ここのところテレビ・新聞で報道されない日がないほど住専処理問題は大詰めを迎えつつある。いまや国際語にまでなったこのトラブルの実態と行方を土門氏に会話体でわかりやすく解説してもらった。
Q 「住専問題」って何ですか。それになぜ農協系金融機関がそういうものに関係するのか、さっぱりわからない。

A 住専は住宅金融専門会社の略で、70年代に個人住宅向けローンを目的に設立された会社です。農協系の住専「協同住宅ローン」を含めて8社ある。新聞で住専問題の対象となっているのは、最後発で不良債権も比較的少ない協同住宅ローンを除く7社のことだ。いずれも都銀、長信銀、信託、地銀、生保、損保などが母体になって設立された。ところがその後、設立母体である銀行が個人住宅ローンに乗り出すようになって、子会社の住専は市場を奪われてしまった。

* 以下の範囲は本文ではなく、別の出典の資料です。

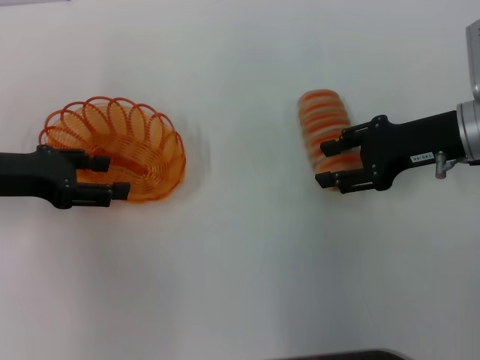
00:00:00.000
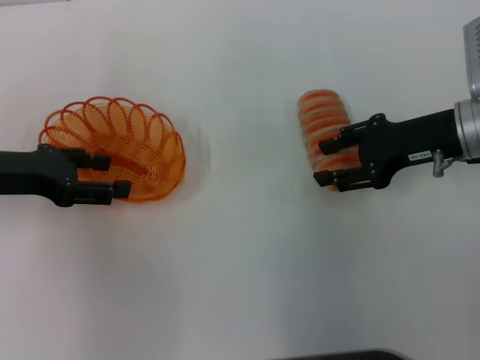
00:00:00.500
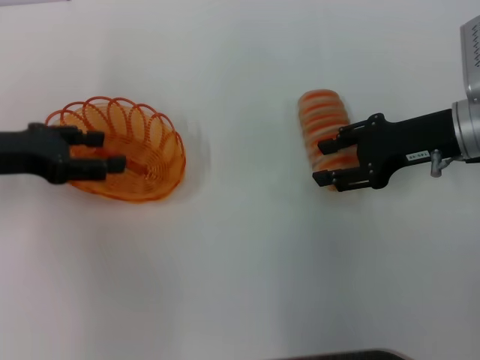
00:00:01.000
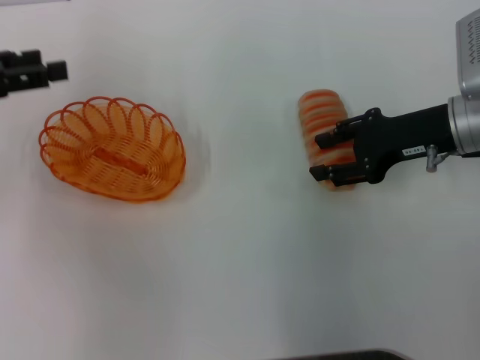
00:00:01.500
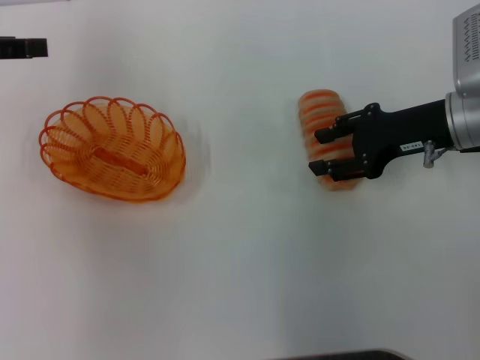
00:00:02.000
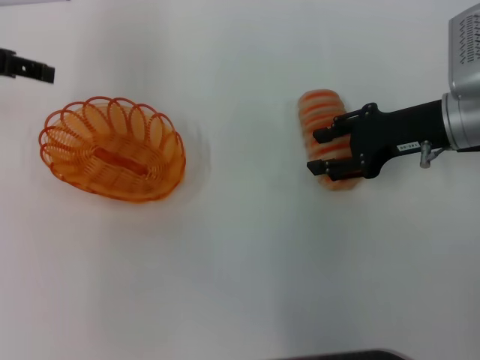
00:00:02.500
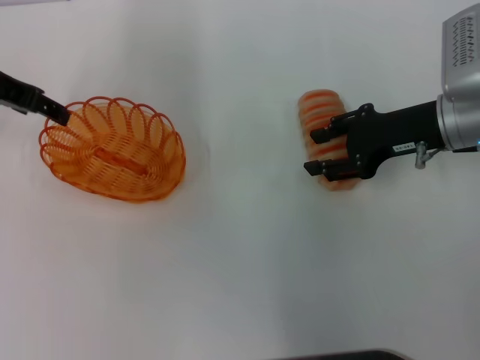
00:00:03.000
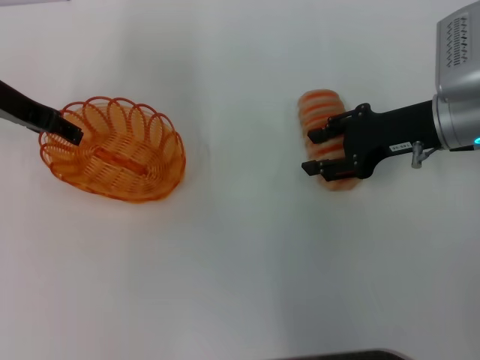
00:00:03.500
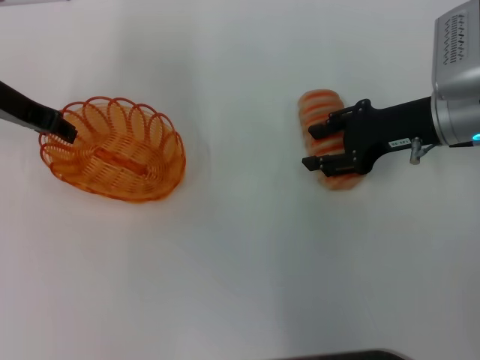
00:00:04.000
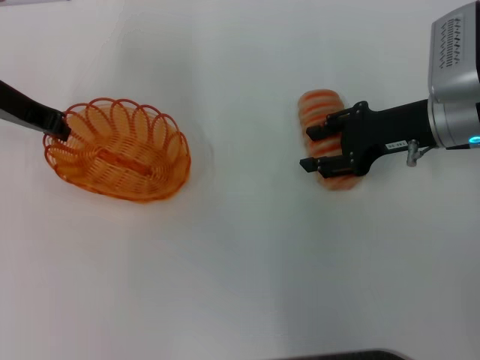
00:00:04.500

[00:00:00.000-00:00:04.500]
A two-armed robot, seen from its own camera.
00:00:00.000 to 00:00:02.000: The left gripper shifts some 10 cm upward.
00:00:02.000 to 00:00:04.500: The left gripper moves to the right, approximately 10 cm, and closes up.

Q 親会社が子会社の仕事を奪うなら、子会社は当然整理すべきだったのでは?

A 本来ならそうなるはずだ。それが住専にはできなかった。その理由は、実に馬鹿馬鹿しいことだが、住専7社の社長ポストがすべて大蔵官僚の天下り指定席になっていたからなんだ。大蔵省に首根っこを握られている銀行は社長ポストのポイ捨てができなかった。それで天下り社長を喰わせるためにも不動産関連融資に力を入れることになった。ところが運が悪かった。時あたかもバブル絶頂期の頃で、「不動産関連」といえば聞こえはよいが、実態はノンバンクなどに地上げ資金を貸し込んだわけだ。

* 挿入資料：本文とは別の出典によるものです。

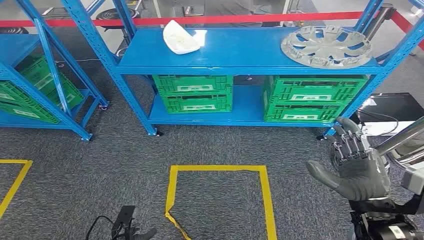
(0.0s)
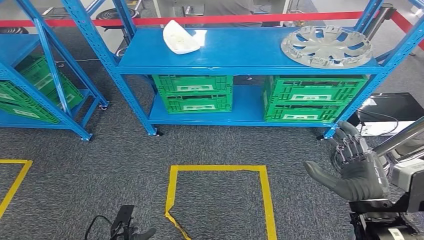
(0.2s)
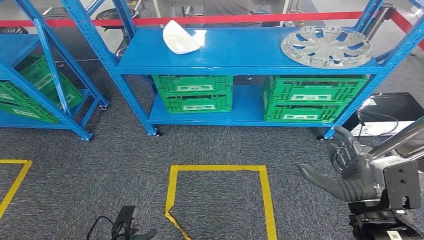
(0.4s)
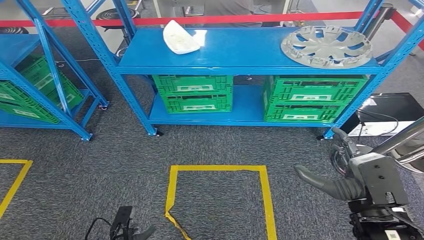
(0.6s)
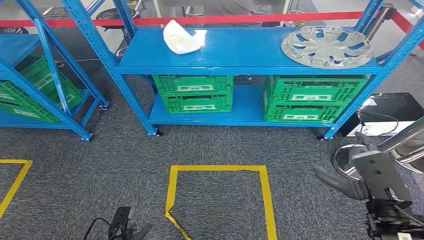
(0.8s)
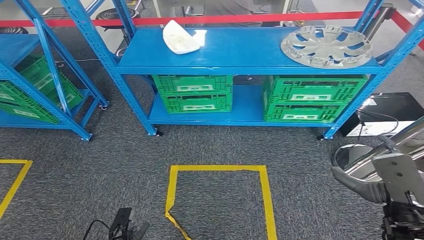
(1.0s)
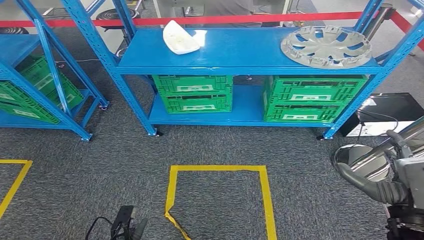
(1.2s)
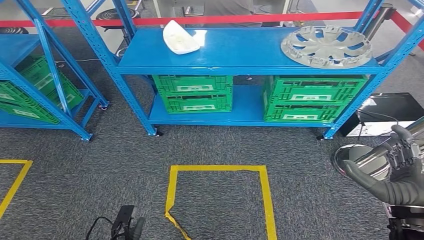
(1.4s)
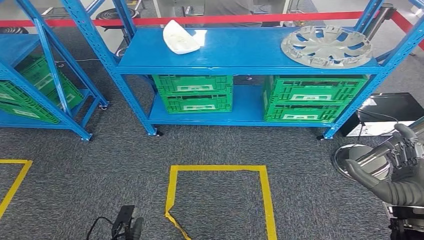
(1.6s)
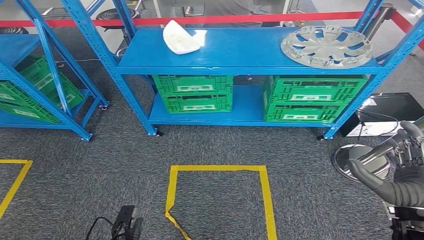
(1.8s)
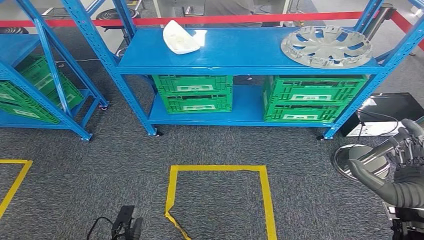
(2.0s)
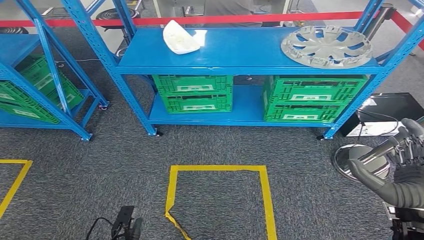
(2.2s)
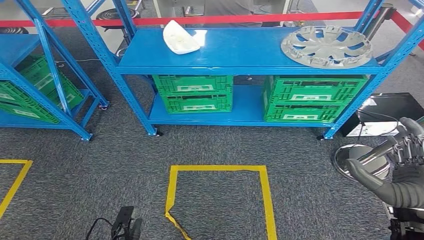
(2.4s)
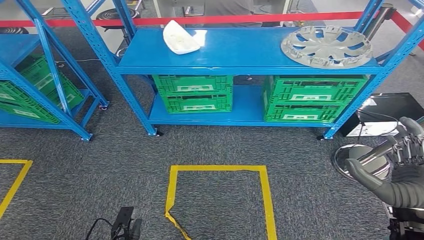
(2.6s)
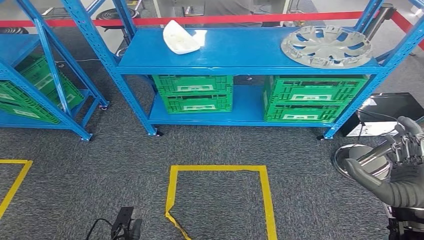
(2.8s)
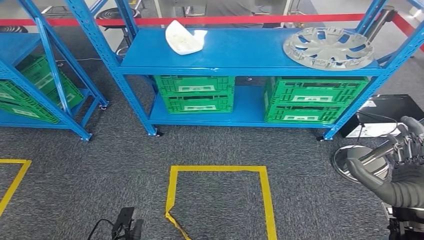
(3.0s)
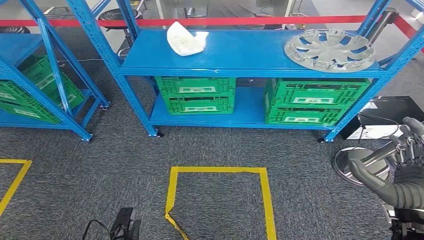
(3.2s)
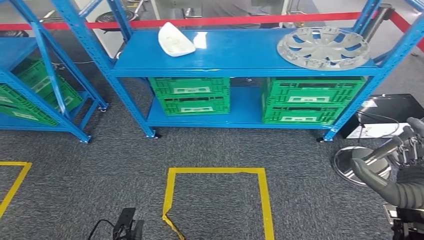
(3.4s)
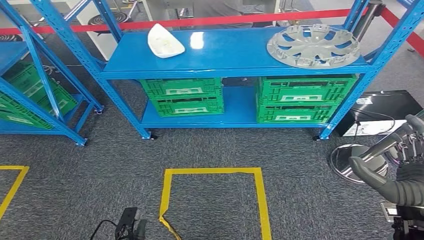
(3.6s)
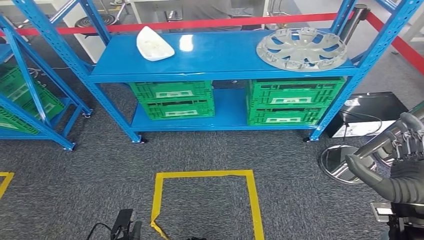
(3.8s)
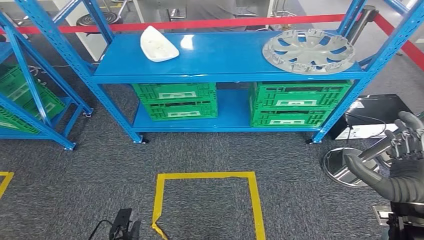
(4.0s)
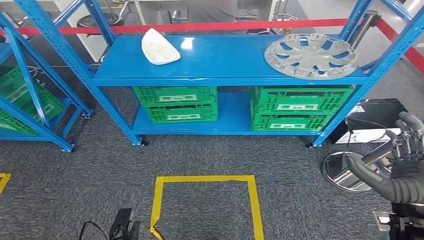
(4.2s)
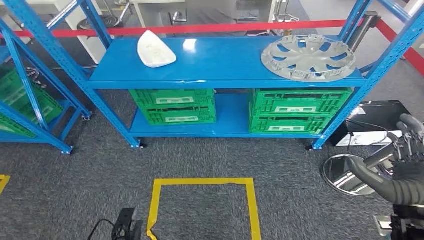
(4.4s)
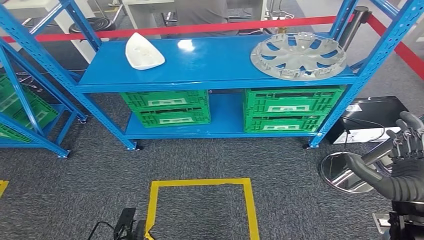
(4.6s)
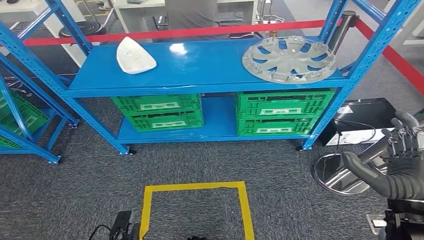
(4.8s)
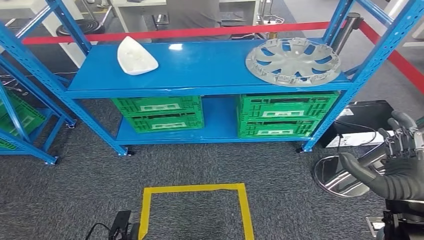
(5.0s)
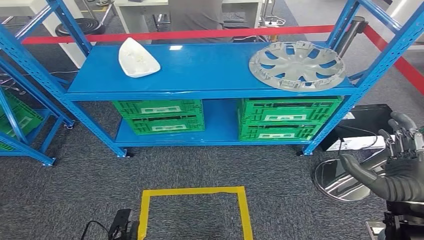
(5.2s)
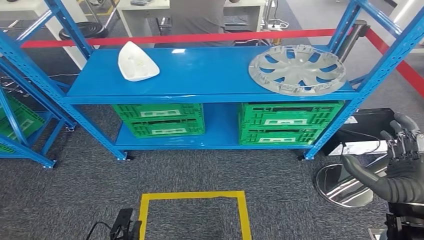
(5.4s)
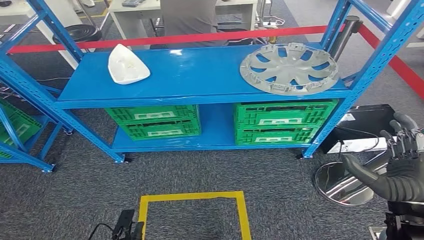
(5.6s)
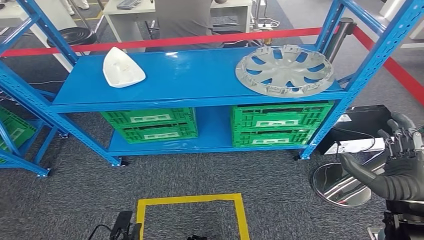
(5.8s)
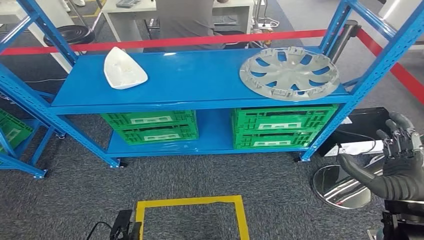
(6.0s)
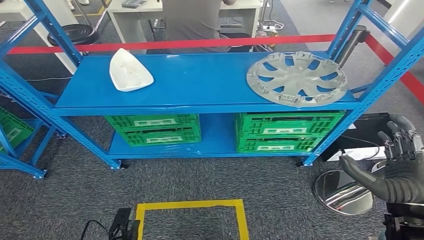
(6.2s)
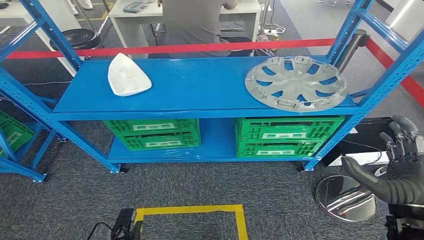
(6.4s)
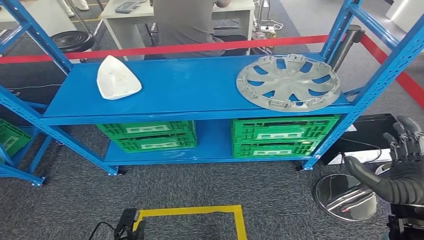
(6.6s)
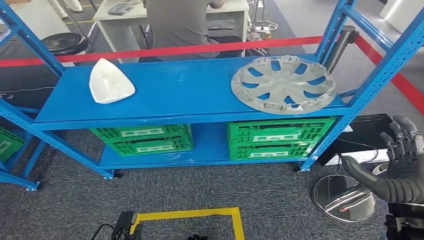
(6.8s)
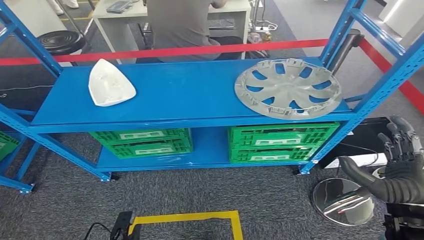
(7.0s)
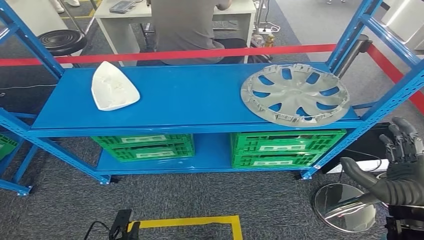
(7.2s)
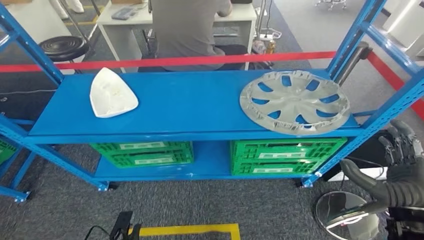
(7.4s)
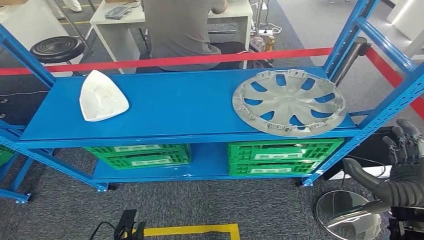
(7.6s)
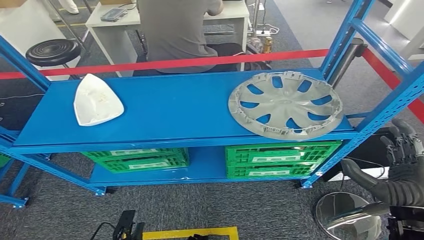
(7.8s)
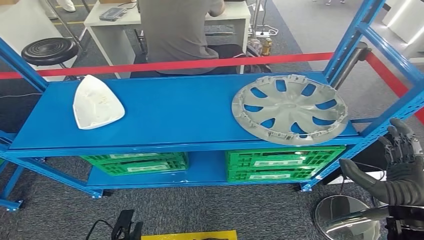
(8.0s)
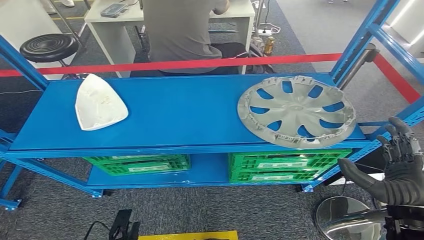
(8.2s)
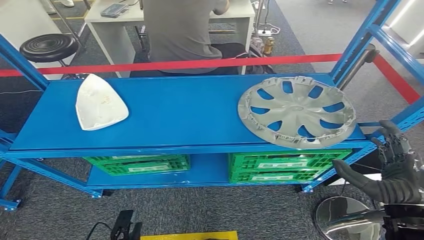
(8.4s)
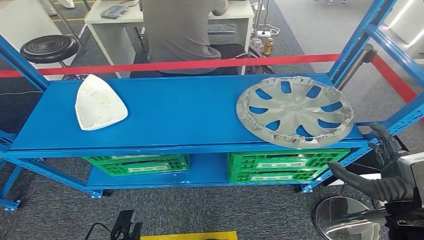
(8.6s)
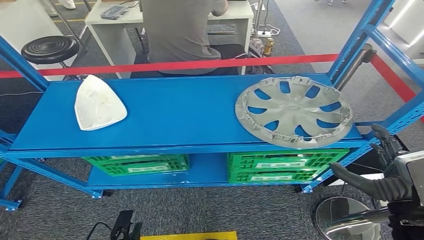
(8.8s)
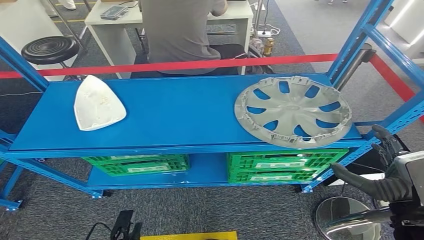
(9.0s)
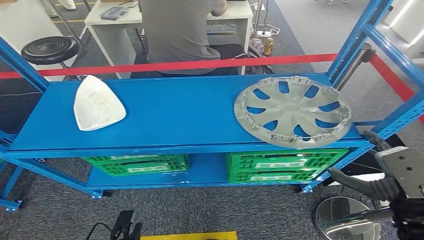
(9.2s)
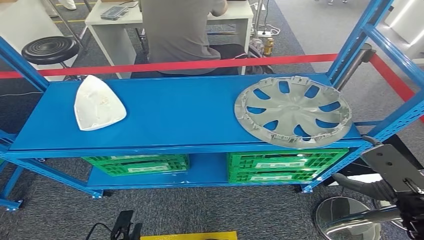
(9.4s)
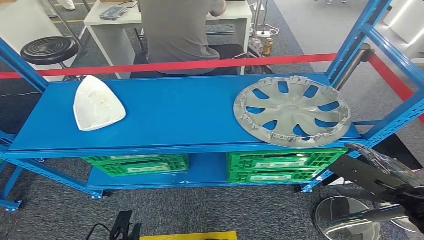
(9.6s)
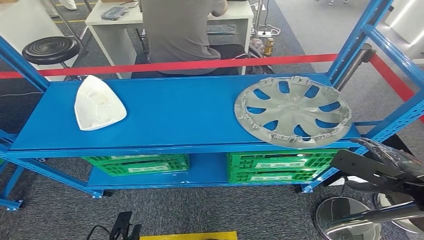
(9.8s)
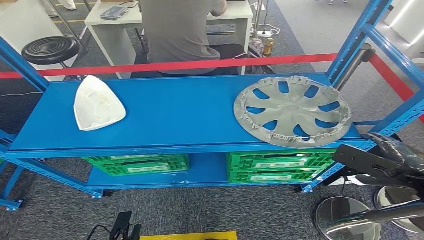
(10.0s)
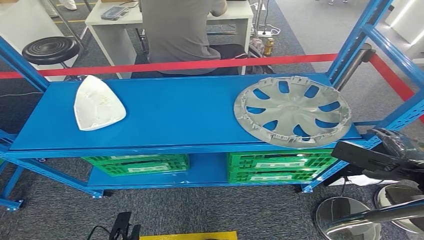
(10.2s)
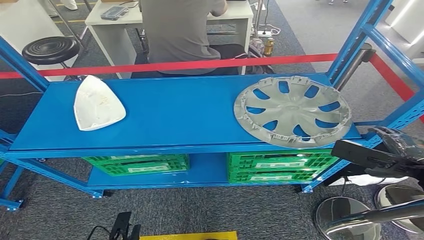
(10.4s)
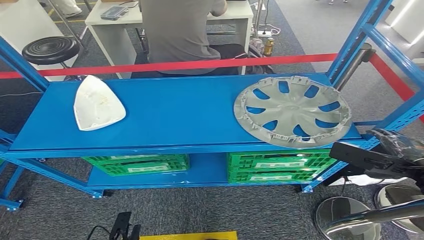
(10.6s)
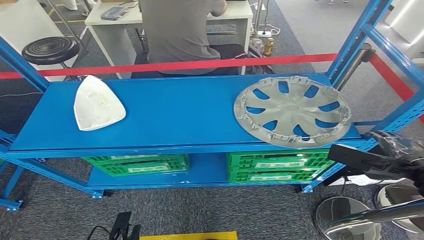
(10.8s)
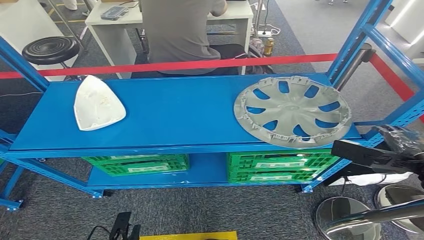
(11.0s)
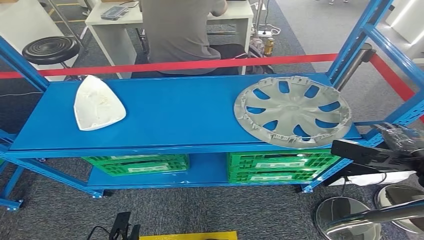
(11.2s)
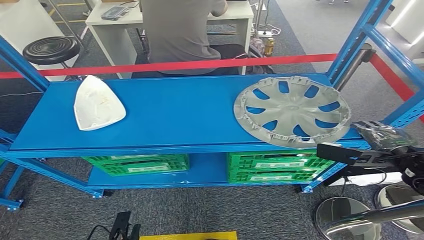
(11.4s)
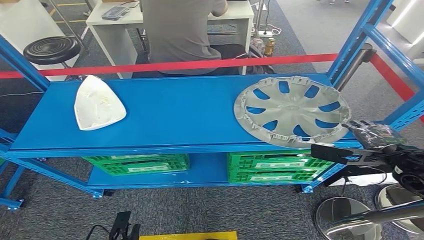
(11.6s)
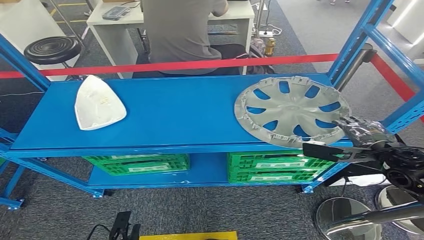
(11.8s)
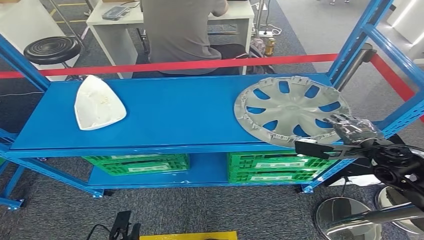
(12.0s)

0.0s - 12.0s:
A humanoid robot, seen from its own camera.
1.6s - 3.0s: There are only small adjustments of the hands.
9.0s - 10.4s: The right hand moves forward and to the right, roughly 10 cm.
10.4s - 12.0s: The right hand moves forward and downward, approximately 10 cm.

Q 農協系金融機関が住専に貸し込むことになったのはどうしてだろう。

A 農林中金、都道府県信連、共済連など農協系金融機関は住専の設立当初から融資をしていた。最初はおつきあい程度の額だった。ところが、バブル崩壊直前の80年代末から90年にかけて急増したんだ。そのきっかけは、バブル退治を目的に金融機関に不動産融資の自粛を求めた大蔵・農水両省が出した通達だった。この通達で銀行は住専からいっせいに資金を引き上げることになった。

Q その銀行が引き上げた分を、農協系が埋めたわけですか。

A そういうことだ。農協系が銀行に代わって融資に応じる、一種の肩代わり融資みたいなものだった。農協系全体の住専向け融資は、通達が出される前の88年年度末で2兆9000億円しかなかっだのが、通達が出された直後の91年度末には5兆6000億円に増えた。なかでも信連の融資急増ぶりが目立った。


貸し手責任があるの明確 銀行による肩代わりは困難


Q 農協系は&rdQuo;大蔵省と銀行にだまされた&rdQuo;と主張していますが……。

A その主張は当たらないね。農協系も歴とした金融機関だ。融資に際しては十分な審査をして担保を取らなければならない。ところが実態はその手続きをしていなかったようだ。バブル経済破綻直前に、クズ同然の融資案件を住専に押し付けた銀行にも責任はあるが、貸し手のほうできちんと審査を実施して担保を取っていれば何も問題は起きなかった。まして農協系は住専に担保を一括管理させていたと説明している。これは金融機関としてあるまじき行為だ。その意味で農協系にも重大な貸し手責任があるのだ。

Q しかも「80年10月通達」に反するという説もありますね。

A 詳しいね。その通りだよ。大蔵・農水両省から全国信連会長に出された80年 10月通達は、住専に信連が融資する道を開いたのだが、それは個人住宅ローンに限るという制約がついていた。個人住宅ローンなら信用事故が少なく、審査機能が弱い信連が融資しても問題がないという判断があったからだ。